KBRN. Atambua : Dua pelaku berinisial SE dan PA diduga komplotan pencurian ternak sapi berhasil dibekuk Tim Buruh Sergap (Buser) Polres Belu Polda Nusan Tenggara Timur, yang terjadi di kampung Wehudi, Dusun Tubata. Kecamatan Tasifeto Barat.

Pengungkapan Kasus tersebut diungkapkan Kapolres Belu. AKPB. Khairul Saleh Saat konferensi press. Bertempat Aula Merah Putih Polres Belu. Sabtu, (31/7/2021).

Kapolres Belu merinci dari kronologis kejadian, terjadi di hutan Webora Desa Tukuneno ditemukan satu pelaku atas nama SE diawali dari informasi yang diperoleh dari masyarakat kepada pihak Kepolisian, bahwa ada suara letupan senjata api. Berdasarkan informasi tersebut, masyarakat bersama-sama dengan aparat Kepolisian mendatangi untuk mencari tahu kejadian dari asal suara tembakan tersebut,. Di lokasi Tempat Kejadian Perkara (TKP) ditemukannya tersangka atas nama SE.
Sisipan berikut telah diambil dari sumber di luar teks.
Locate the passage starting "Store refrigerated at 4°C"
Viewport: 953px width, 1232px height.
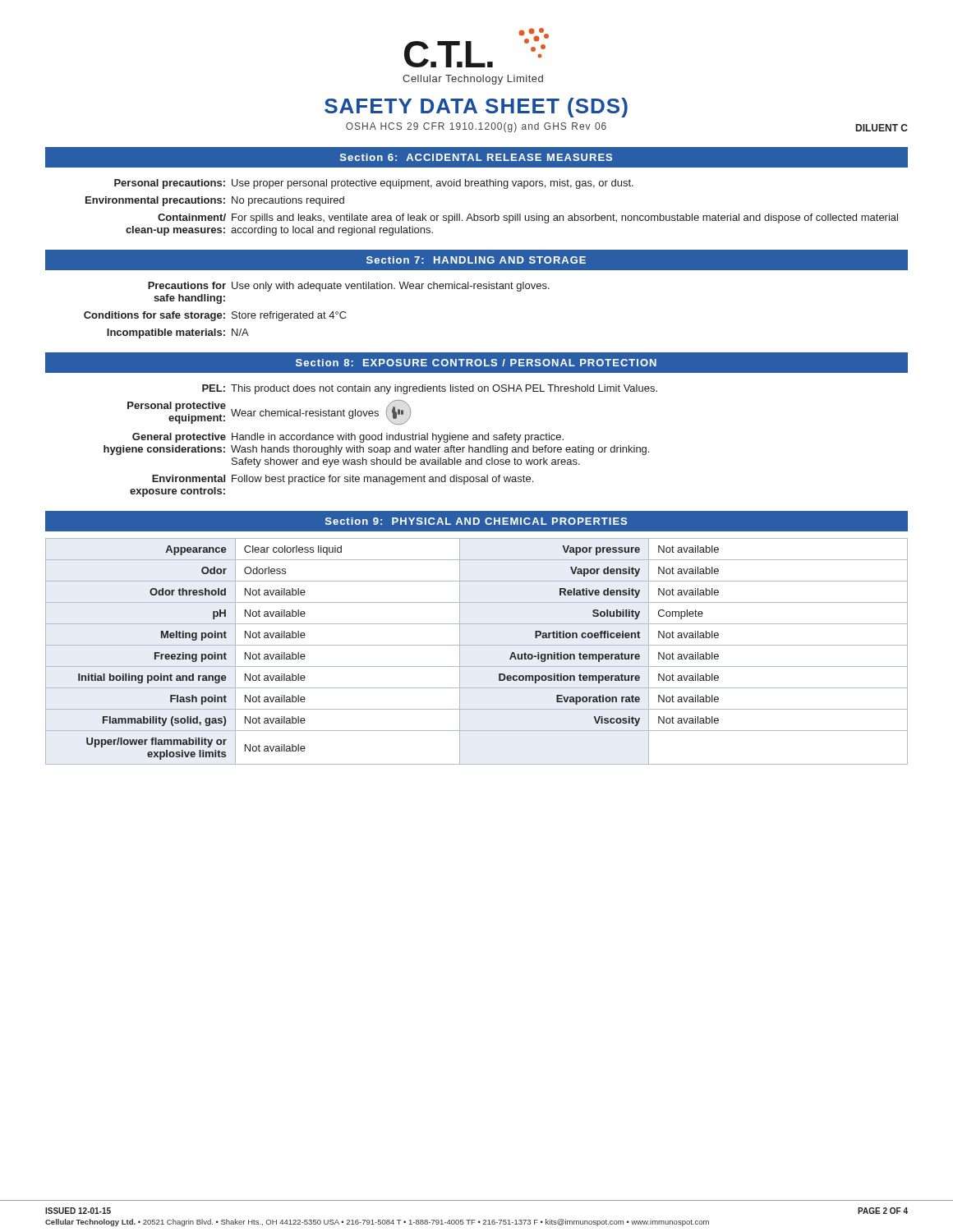pos(289,315)
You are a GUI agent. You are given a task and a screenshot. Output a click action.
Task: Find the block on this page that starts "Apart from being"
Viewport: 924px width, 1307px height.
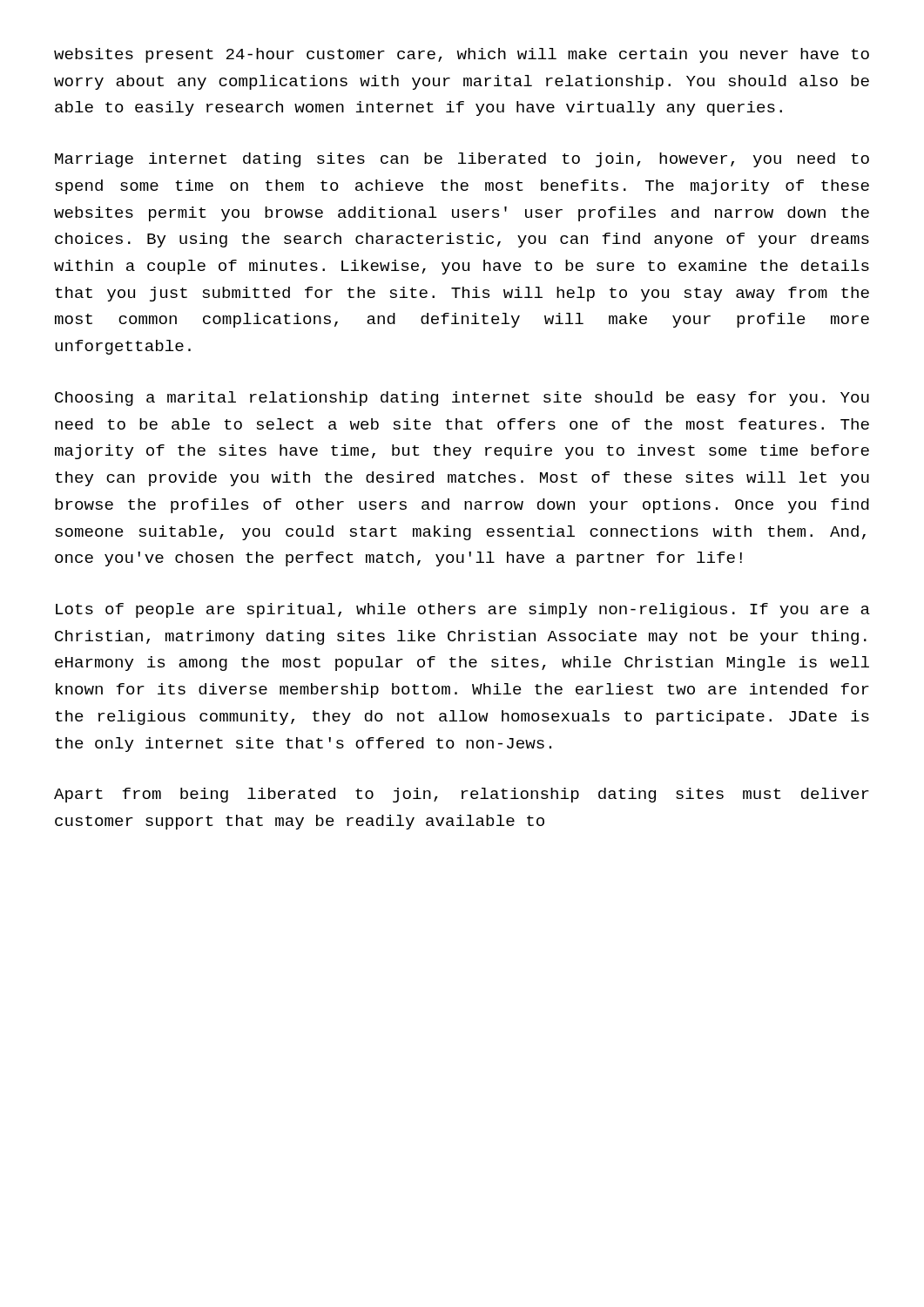point(462,808)
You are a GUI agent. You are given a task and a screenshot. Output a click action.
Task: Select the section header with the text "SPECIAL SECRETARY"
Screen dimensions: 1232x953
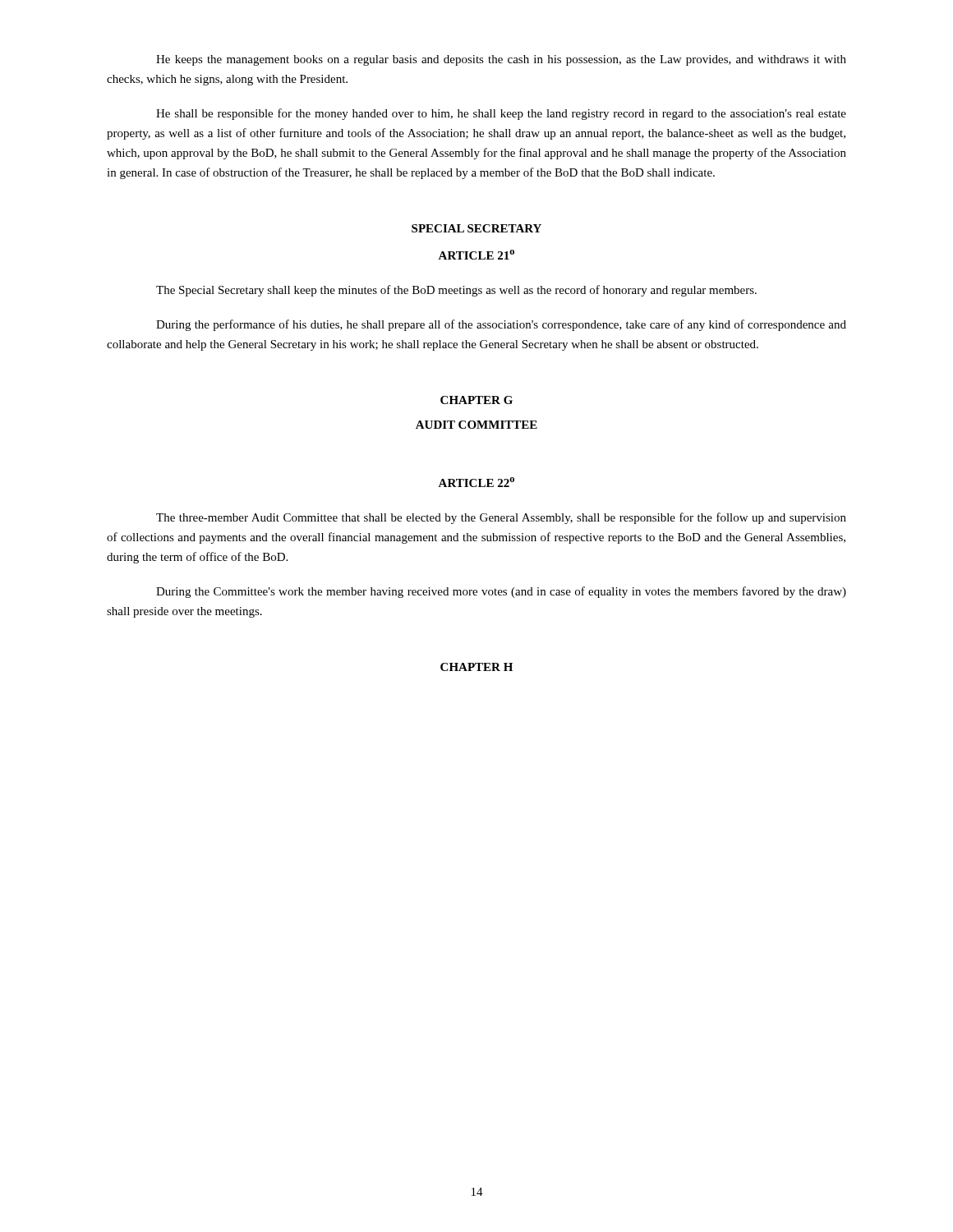click(x=476, y=228)
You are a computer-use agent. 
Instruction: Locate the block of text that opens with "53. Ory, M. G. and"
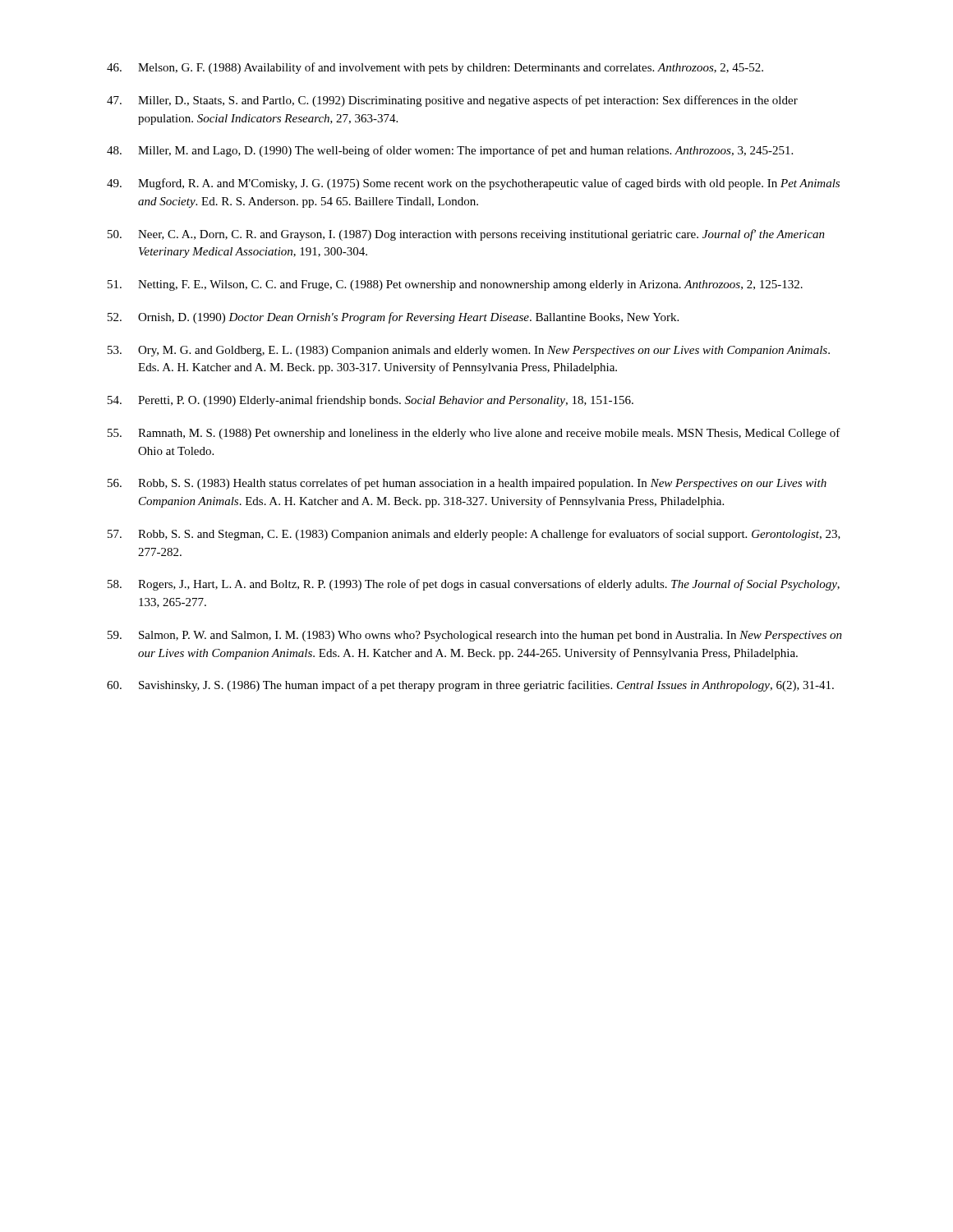[476, 359]

"Tersangka SE pada saat diamankan, pelaku sementara memikul daging sapi dengan senjata api jenis Refile yang di kalungkan pada lengan sebelah kanan, sedangkan parang dikatakan di pinggang," jelas Kapolres Belu.

Lanjut Kapolres Belu, pelaku SE yang diamankan dari hasil pemerisaan dan bukti-bukti, SE mengakui perbuatannya selama ini telah melakukan pencurian ternak sapi.

"SE mengakui sebanyak 5 kali telah melakukan pencurian ternak sapi dan dari situ dilakukan pengembangan kasus ditetapkan satu orang lagi berinisial PA sebagai tersangka dan juga pemilik dari senjata api tersebut," ungkap Kapolres Belu.

Barang Bukti (BB) yang dilakukan penyitaan dan diamankan dari kasus tersebut berupa satu pucuk senjata api jenis Refile buatan Belanda, satu lembar kulit sapi dan sebilah parang dengan ukuran 30 cm.

"Berdasarkan BB yang ada telah ditetapkan SE dan PA sebagai  tersangka, dengan pengenaan pasal 363 ayat 1 KUHP dan pasal 1 ayat 1 UU darurat nomor 12 tahun 1951 tentang bahan peledak dan senjata api. Ancaman kurung maksimal diatas 5 tahun," tuntas Kapolres Belu AKPB. Khairul Saleh.